The second category of corporate IT accountabilities is related to its capacity to provide business change through new or revamped IT-based solutions. This includes the realm of investment projects, deployment of new platforms, digitalization, and all the names given to the endeavors that require mobilizing business and IT to deliver something new that will make your business strive. This category is supported by little-to-no cross-industry standards, is highly customized to your company, doesn’t get outsourced easily, is costly and difficult to audit, and is supported by benchmarks that are too high-level or don’t fit with the peculiarities of your organization. That’s why most business people fall back on the only quantitative feedback they can understand: on-time and on-budget metrics. But there is a severe limitation to the effectiveness of these enshrined measures; namely the budgetary and temporal targets are set by the same team that is being measured for their attainment. IT people do lose their jobs for not attaining such targets but it is fair to say that these are the rare cases. The impact of failure in this second category is nowhere near the acuteness of the repercussions of a faux pas in the first category. There is no survival component in the latter.
The rest of the feedback for change comes in the form of qualitative appreciations that are admittedly useful but do not make the cut since their impact on triggering adaptation within the IT function rarely represents a threat for people or teams. Moreover, because of the huge knowledge gap that exists between tech-savvy team members and the rest of your organization, most of these qualitative feedback items require substantial effort to be translated into actionable improvements at the technical level. No-one is against improvement, but when time comes to put the effort, the exertion is in direct competition with project priorities and the short term objectives of on-time and on-budget delivery.
The feedback loop that helps corporate IT to adapt and improve the delivery of change projects is weakened by the absence of a component that links it to true survival. Compared to most businesses, corporate IT has little skin in the game and not much to lose by perpetuating the status quo or making only small changes to its modes of operation.

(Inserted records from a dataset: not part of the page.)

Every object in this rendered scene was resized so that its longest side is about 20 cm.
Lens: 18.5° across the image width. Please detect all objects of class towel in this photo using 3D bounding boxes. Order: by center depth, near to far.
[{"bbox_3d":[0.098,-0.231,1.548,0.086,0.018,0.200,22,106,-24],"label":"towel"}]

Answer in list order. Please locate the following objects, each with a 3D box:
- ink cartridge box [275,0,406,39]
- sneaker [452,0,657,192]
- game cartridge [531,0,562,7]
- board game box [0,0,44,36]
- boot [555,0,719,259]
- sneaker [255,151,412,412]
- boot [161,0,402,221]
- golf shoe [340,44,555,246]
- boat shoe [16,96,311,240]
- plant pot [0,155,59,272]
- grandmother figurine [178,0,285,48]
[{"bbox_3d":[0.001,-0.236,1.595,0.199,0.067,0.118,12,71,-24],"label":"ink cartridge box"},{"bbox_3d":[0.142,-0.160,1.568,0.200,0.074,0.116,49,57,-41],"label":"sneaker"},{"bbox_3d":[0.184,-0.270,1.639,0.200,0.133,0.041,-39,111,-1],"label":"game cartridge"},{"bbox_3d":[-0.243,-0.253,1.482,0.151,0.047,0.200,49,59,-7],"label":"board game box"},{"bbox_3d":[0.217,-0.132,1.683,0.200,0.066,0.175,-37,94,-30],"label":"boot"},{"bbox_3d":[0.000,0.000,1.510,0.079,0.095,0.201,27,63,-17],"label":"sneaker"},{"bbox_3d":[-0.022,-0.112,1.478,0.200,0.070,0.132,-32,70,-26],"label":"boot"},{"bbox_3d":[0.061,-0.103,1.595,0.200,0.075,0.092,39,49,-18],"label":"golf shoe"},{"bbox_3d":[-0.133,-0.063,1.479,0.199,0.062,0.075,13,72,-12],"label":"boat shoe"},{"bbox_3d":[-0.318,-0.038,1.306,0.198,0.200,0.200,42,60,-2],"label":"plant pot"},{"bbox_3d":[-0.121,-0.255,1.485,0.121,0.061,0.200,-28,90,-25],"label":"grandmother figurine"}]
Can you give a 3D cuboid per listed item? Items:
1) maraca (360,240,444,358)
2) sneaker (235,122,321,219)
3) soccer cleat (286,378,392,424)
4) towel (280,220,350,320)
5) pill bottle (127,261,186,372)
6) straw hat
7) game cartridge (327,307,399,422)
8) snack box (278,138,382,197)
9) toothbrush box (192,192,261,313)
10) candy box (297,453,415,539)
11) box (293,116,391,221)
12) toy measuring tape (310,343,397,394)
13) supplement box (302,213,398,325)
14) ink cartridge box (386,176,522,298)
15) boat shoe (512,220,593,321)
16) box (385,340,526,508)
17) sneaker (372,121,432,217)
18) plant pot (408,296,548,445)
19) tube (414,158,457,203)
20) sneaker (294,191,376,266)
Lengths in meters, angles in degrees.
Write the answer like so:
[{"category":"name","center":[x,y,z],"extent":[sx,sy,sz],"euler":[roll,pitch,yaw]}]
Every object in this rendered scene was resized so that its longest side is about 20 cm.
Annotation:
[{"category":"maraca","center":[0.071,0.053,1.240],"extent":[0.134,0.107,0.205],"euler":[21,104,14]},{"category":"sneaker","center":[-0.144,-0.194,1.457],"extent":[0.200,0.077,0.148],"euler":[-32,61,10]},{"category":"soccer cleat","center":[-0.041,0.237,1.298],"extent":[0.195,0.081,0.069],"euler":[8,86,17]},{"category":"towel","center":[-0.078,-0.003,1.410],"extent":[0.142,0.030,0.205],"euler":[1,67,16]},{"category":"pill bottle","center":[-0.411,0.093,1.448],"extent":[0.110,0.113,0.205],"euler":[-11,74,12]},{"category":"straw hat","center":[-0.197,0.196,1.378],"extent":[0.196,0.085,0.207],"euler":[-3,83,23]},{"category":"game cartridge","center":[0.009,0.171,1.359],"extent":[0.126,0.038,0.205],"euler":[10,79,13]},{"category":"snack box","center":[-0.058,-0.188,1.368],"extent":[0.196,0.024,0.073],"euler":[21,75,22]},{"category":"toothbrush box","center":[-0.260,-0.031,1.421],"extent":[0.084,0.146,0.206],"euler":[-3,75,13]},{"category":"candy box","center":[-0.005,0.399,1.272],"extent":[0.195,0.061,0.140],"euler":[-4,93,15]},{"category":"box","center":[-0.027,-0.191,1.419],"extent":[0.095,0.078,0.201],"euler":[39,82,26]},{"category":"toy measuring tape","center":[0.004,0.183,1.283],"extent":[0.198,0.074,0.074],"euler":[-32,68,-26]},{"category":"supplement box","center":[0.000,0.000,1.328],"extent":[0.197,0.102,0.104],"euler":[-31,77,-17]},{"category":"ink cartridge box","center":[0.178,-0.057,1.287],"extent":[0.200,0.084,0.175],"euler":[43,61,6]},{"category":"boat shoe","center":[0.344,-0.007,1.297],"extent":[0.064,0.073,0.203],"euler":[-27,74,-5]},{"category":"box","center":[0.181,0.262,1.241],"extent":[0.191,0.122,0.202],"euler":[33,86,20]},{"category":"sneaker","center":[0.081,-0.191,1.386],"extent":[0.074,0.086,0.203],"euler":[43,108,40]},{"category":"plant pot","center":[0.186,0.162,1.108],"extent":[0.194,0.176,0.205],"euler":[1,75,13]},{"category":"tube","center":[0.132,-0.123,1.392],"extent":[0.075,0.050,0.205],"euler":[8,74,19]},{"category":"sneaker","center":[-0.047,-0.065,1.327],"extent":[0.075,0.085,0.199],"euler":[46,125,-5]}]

The engagement model between corporate IT and the rest of your business is at the deepest root of many issues that impede their ability to provide more value to your organization. It is also one of the fundamental reasons why you may have the impression that the IT function is in an everlasting state of immaturity. To get a better understanding how your corporate IT works (or isn’t working), I invite you to take a quick read of this book: What You Should Know About Corporate IT But Were Never Told.
You will realize that changing these patterns requires radical change in the way corporate IT engages with the rest of the business, and more specifically, how accountabilities are distributed and measured. Nothing less than a major revolution, triggered by business people, will allow IT to become a true adaptive system that can change itself to provide what you deserve.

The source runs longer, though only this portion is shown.